Background technology
In recent years, the research about quantum dot (Quantumdots is abbreviated as QDs) is very active, particularly in biological and medicine aspect applied research. Traditional QDs is usually to extract from the mixture of plumbous, cadmium and silicon and obtains, and has high toxicity, and the hazardness of environment is very big. Therefore, people are seeking to the QDs substitution material that toxicity is relatively low.
2004, the researcher of South Carolina, USA university synthesizes a kind of novel QDs carbon quantum dot (Carbonquantumdots first, it is abbreviated as CQDs) (JournaloftheAmericanChemicalSociety, 2004,126 (40): 12736-12737). Compared to traditional QDs, CQDs is except the luminescent properties with traditional Q Ds and small size property, also maintain the advantages such as material with carbon element toxicity low, environmental friendliness, good biocompatibility, also have that two photon absorption cross section is big, light emitting region is adjustable simultaneously, good light stability, be prone to extensive preparation and functional modification and the unrivaled advantage such as cheap and easy to get.
Prepare at present the method for CQDs mainly to include laser and corrode method, chemical oxidization method, electrochemical process, ultrasonic method, microwave method etc., the carbon source chosen mainly has that graphite, Graphene, CNT, combustion of natural gas are grey, wax candle is grey and little molecule organic carbon source etc.

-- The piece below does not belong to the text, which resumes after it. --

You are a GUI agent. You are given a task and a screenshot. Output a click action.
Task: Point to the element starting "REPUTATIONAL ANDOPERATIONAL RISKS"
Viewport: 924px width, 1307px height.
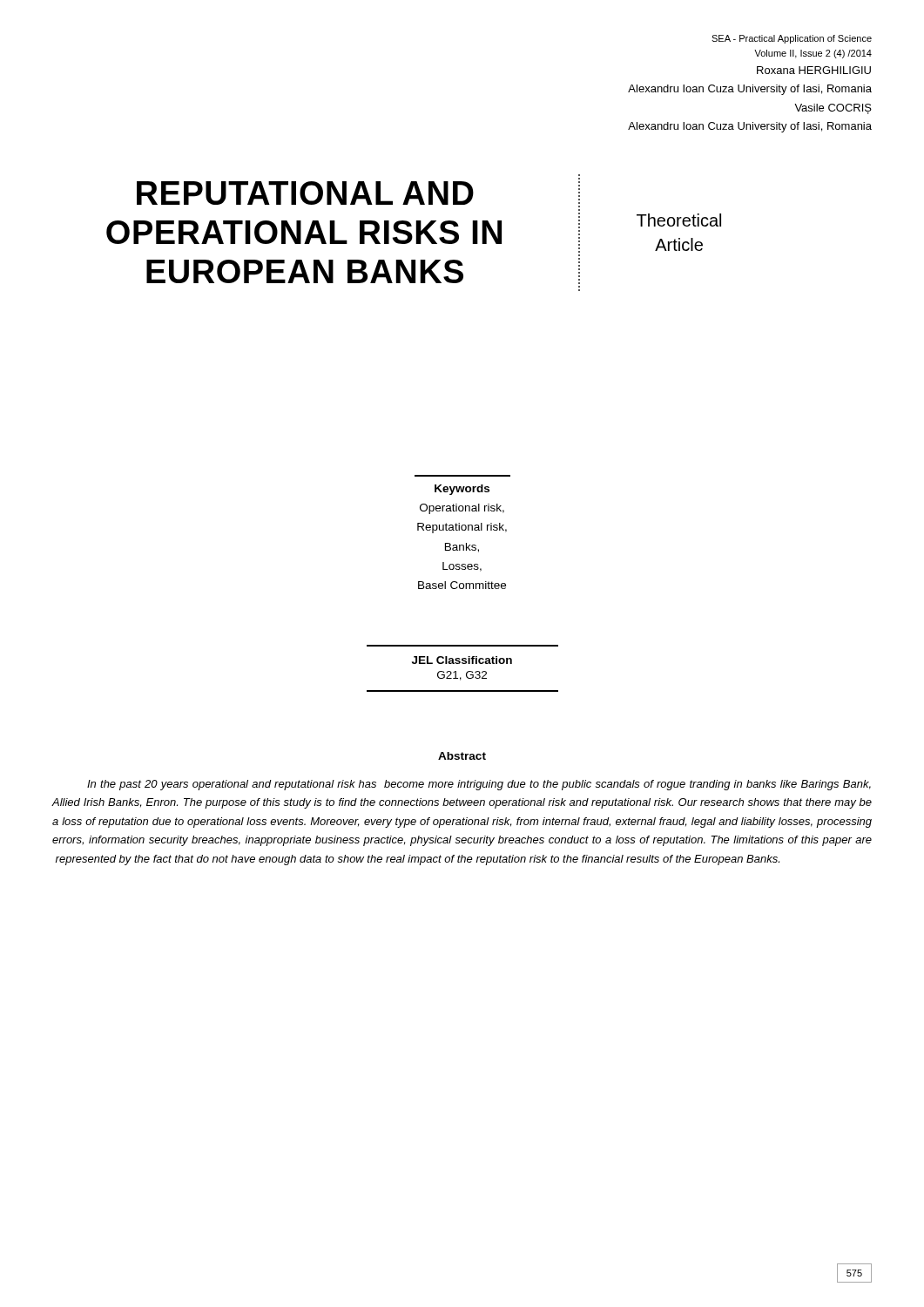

But, there is the raw material adopted and the defect such as experiment equipment is expensive, preparation flow is consuming time, operating process is complicated or product yield is low in the method reported, and need to carry out desalting purifying, the preparation cost making CQDs remains high and is difficult to prepare a large amount of samples, limits large-scale production and the application of CQDs.Therefore, find raw material cheap and easy to get, eco-friendly, utilize simple efficient method rapid batch to prepare CQDs and there is highly important theory significance and actual application value.
Summary of the invention
Simple High-efficiency one-step batch prepares N doping petroleum coke base carbon quantum dot, it is primarily characterized in that: with petroleum coke for carbon source, ammonia is electrolyte, adopt electrochemical oxidation process, one step prepares nitrogen-doped carbon quantum dot (N-CQDs), and without carrying out the CQDs that desalting purifying, high-efficiency environment friendly and product yield are prepared far above Conventional electrochemical method. With this seminar in 2014 used by chemical oxidization method prepare the method (Carbon, 2014,78 (11): 480-489) of petroleum coke base CQDs and compare, this method clean environment firendly more, simple to operate and reaction temperature and. Compared with the patent of invention (application number: 201510612800.3) of this seminar application in 2015; this method is more rapidly and efficiently; without strong electrolytes such as NaOH; course of reaction generates without salt; therefore without carrying out numerous and diverse dialysis desalination; significantly reduce preparation cost and shorten the operating time, it is possible to realizing scale and prepare. In addition, the present invention is first creatively directly using ammonia as electrolyte, method (the DaltonTrans. of CQDs is relatively prepared using pure water as electrolyte, 2012,41,9526 9531), it is possible to while improving electrolyte conductivity, realize nitrating and response time shortening decades of times.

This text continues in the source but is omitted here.